Multithreading Parallelism is a Java 17 project that covers both sides of concurrent programming: coordinating threads safely and using parallel computation effectively. It combines classic multithreading topics with higher-level parallelism tools such as executors, concurrent collections, fork/join, and parallel streams.

What the project covers

The source is split into two broad areas.

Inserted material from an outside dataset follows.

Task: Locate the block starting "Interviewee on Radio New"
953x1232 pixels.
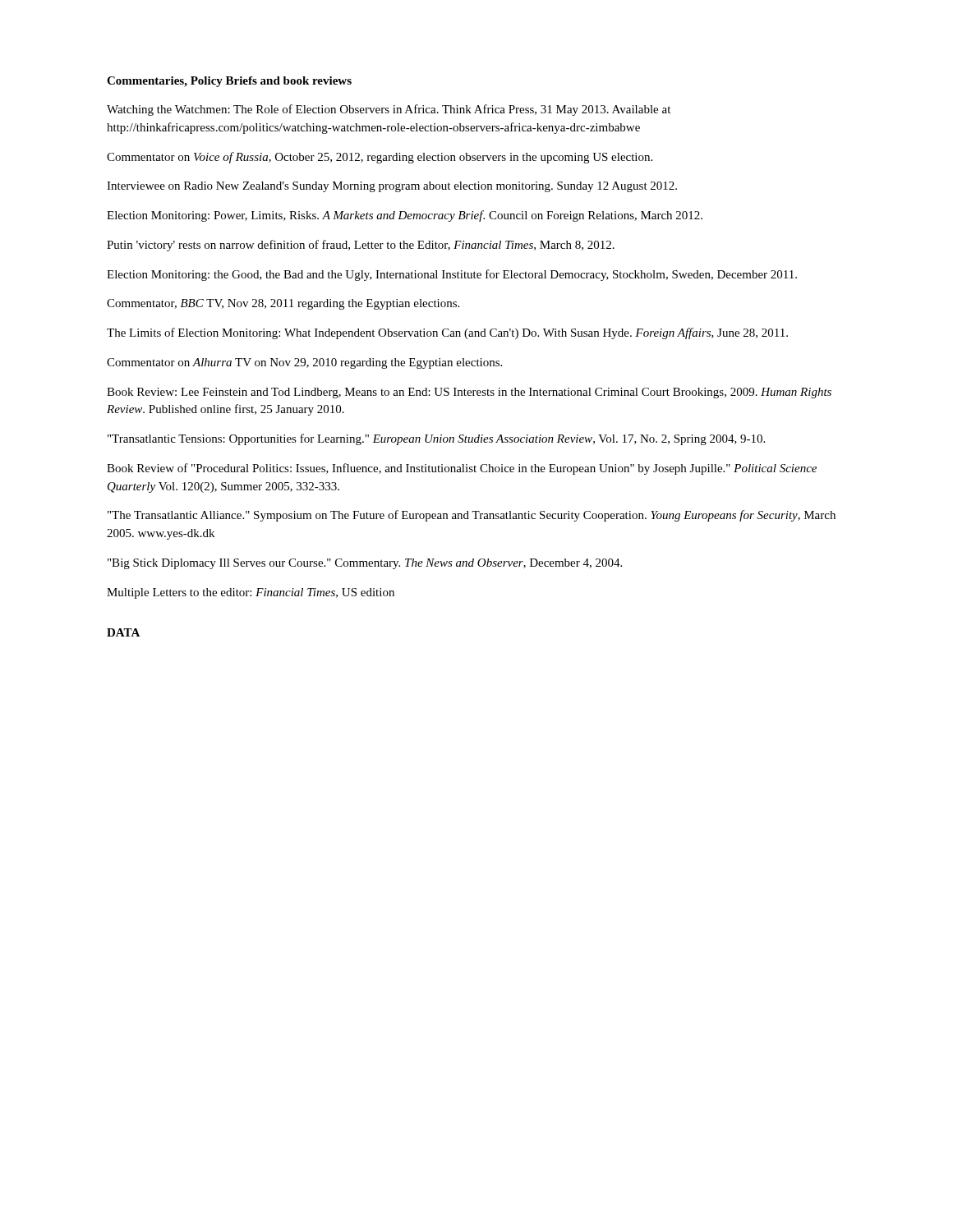Action: pyautogui.click(x=392, y=186)
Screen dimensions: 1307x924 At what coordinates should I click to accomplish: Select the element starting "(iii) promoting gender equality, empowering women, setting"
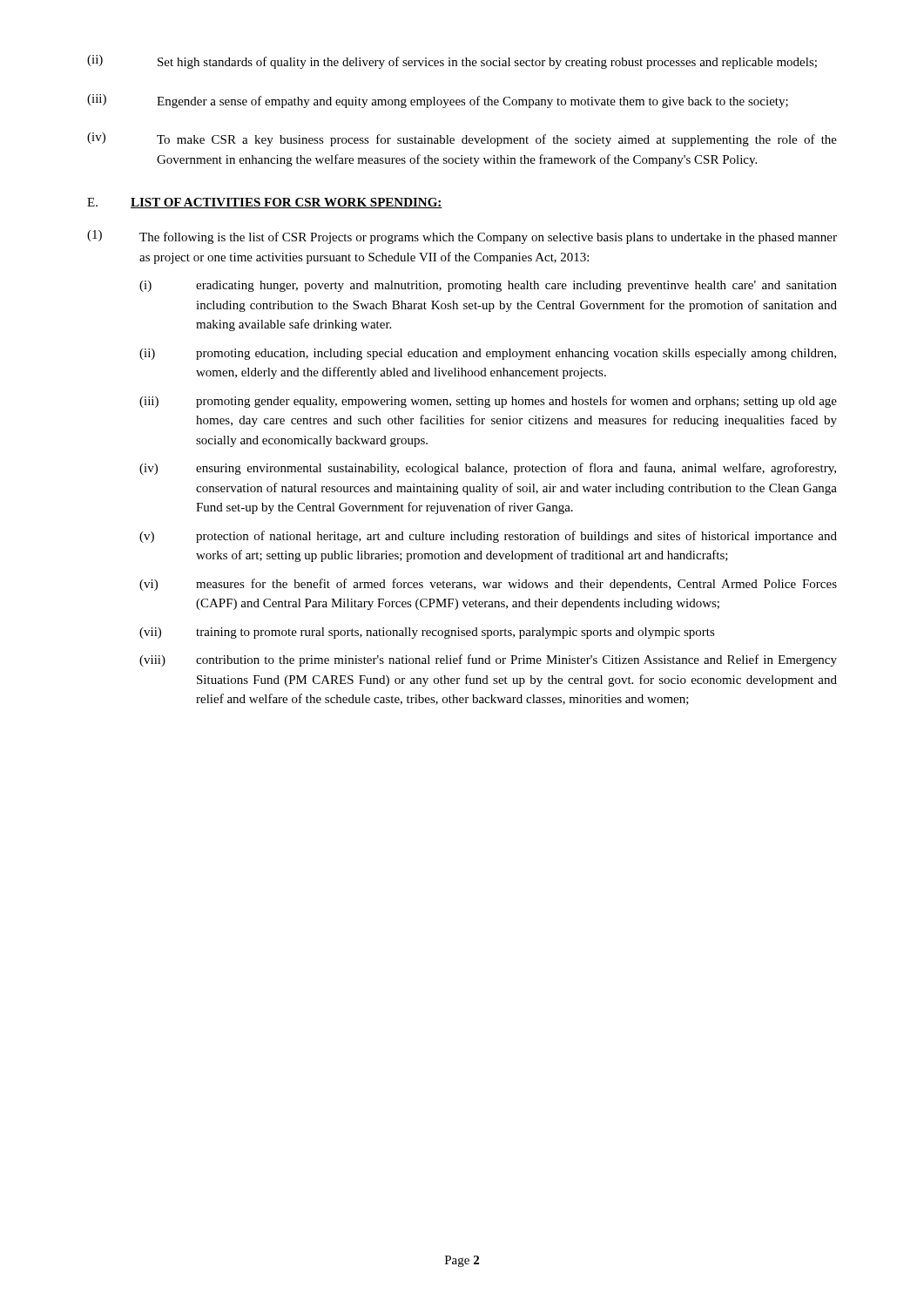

Multithreading fundamentals

The multithreading/ packages cover:

  • thread basics, daemon threads, and priorities
  • synchronization with intrinsic locks and ReentrantLock
  • inter-thread communication with producer-consumer examples
  • race conditions and lock behavior
  • atomic variables and volatile
  • deadlock and livelock
  • synchronization primitives such as semaphores, latches, barriers, mutex-style coordination, and exchangers
  • concurrent collections including blocking queues, delay queues, concurrent maps, priority blocking queues, synchronized collections, and copy-on-write lists
  • executor services including fixed, cached, single-thread, and scheduled thread pools
  • the dining philosophers problem as a classic coordination case study

Parallelism and performance

The parralelism/ packages focus on dividing work across cores:

  • sequential versus parallel sum implementations
  • sequential versus parallel merge sort
  • fork/join tasks and recursive actions
  • thread optimization examples
  • parallel streams for sorting, summation, prime calculations, and file processing
  • direct comparison examples for merge sort and sum performance

The included war-and-peace.txt is used as realistic input for some of the file-processing and performance-oriented examples.

Local workflow

Build the project with Maven:

mvn package

The examples are best explored one class at a time from the IDE so you can watch the behavior of each concurrency primitive or parallel strategy in isolation.

Why it matters

This project is valuable because it does not treat concurrency as one topic. It separates the correctness side of multithreading from the throughput side of parallelism, then shows where they overlap. That makes it a strong reference for understanding when you are solving a coordination problem, when you are solving a performance problem, and when the two start to interfere with each other.